▸ WHAT YOU ARE ASKED TO DO: Everything in the records must be copied exactly, apart from the pictures.

▸ INFORMATION PROVIDED:
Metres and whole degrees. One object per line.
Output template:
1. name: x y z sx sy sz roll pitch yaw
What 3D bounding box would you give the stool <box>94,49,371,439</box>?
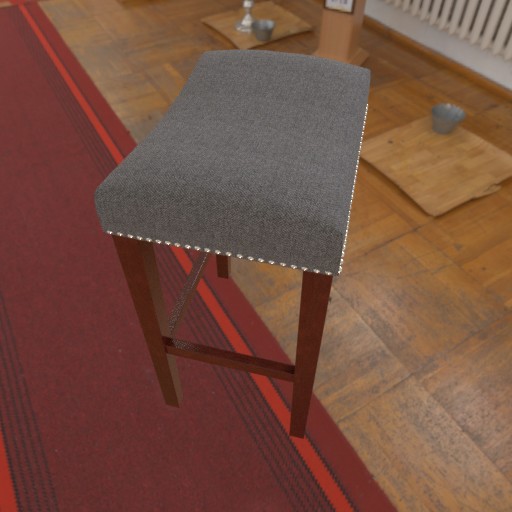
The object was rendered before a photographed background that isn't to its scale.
1. stool: 0.000 0.000 1.012 0.372 0.742 0.504 10 48 10
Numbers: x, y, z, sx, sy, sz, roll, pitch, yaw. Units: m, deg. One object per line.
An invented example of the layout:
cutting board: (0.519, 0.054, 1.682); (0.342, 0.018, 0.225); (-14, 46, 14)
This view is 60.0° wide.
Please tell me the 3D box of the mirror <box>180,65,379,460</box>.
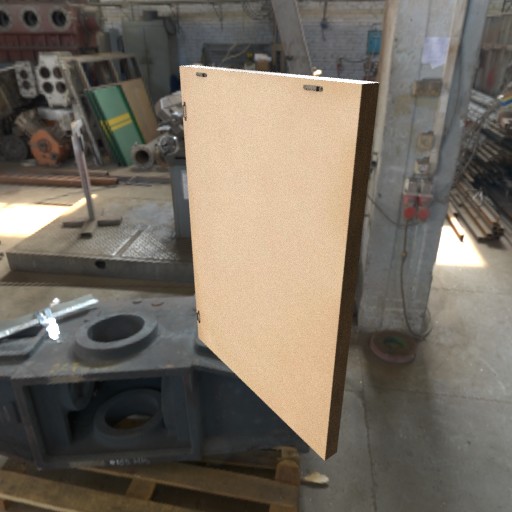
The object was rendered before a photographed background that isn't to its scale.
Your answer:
mirror: (0.000, 0.000, 0.926); (0.040, 0.710, 0.507); (-18, 32, -32)
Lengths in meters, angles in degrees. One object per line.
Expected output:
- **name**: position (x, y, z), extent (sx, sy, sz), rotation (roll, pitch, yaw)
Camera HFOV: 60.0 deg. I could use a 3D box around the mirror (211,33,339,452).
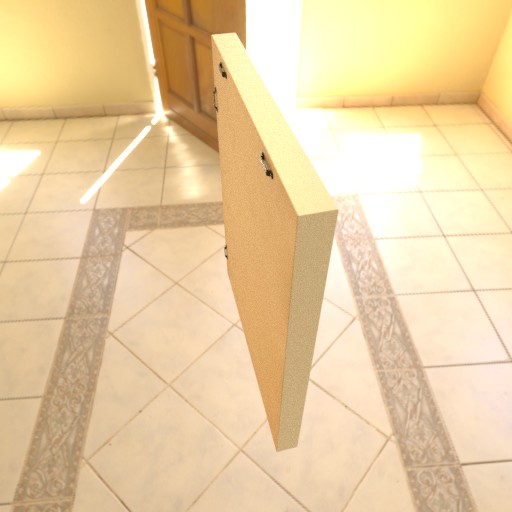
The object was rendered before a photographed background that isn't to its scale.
- **mirror**: position (0.000, 0.000, 0.680), extent (0.041, 0.508, 0.405), rotation (-10, 47, -10)
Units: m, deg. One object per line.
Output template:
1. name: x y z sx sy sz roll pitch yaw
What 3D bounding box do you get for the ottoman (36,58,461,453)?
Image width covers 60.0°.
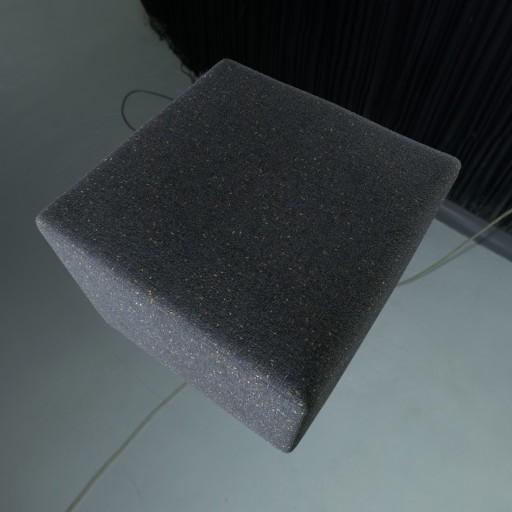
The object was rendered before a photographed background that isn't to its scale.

▸ WRITTEN RESPONSE:
Metres and whole degrees. One object per line.
Output template:
1. name: x y z sx sy sz roll pitch yaw
What 3D bounding box would you give the stool <box>94,49,371,439</box>?
The object was rendered before a photographed background that isn't to its scale.
1. stool: 0.000 0.000 1.012 0.372 0.742 0.504 10 48 10
Numbers: x, y, z, sx, sy, sz, roll, pitch, yaw. Units: m, deg. One object per line.
An invented example of the layout:
cutting board: (0.519, 0.054, 1.682); (0.342, 0.018, 0.225); (-14, 46, 14)
This view is 60.0° wide.
Please tell me the 3D box of the mirror <box>180,65,379,460</box>.
The object was rendered before a photographed background that isn't to its scale.
Your answer:
mirror: (0.000, 0.000, 0.926); (0.040, 0.710, 0.507); (-18, 32, -32)
Lengths in meters, angles in degrees. One object per line.
Expected output:
- **name**: position (x, y, z), extent (sx, sy, sz), rotation (roll, pitch, yaw)
Camera HFOV: 60.0 deg. I could use a 3D box around the mirror (211,33,339,452).
The object was rendered before a photographed background that isn't to its scale.
- **mirror**: position (0.000, 0.000, 0.680), extent (0.041, 0.508, 0.405), rotation (-10, 47, -10)
Units: m, deg. One object per line.
Output template:
1. name: x y z sx sy sz roll pitch yaw
What 3D bounding box do you get for the ottoman (36,58,461,453)?
Image width covers 60.0°.
The object was rendered before a photographed background that isn't to its scale.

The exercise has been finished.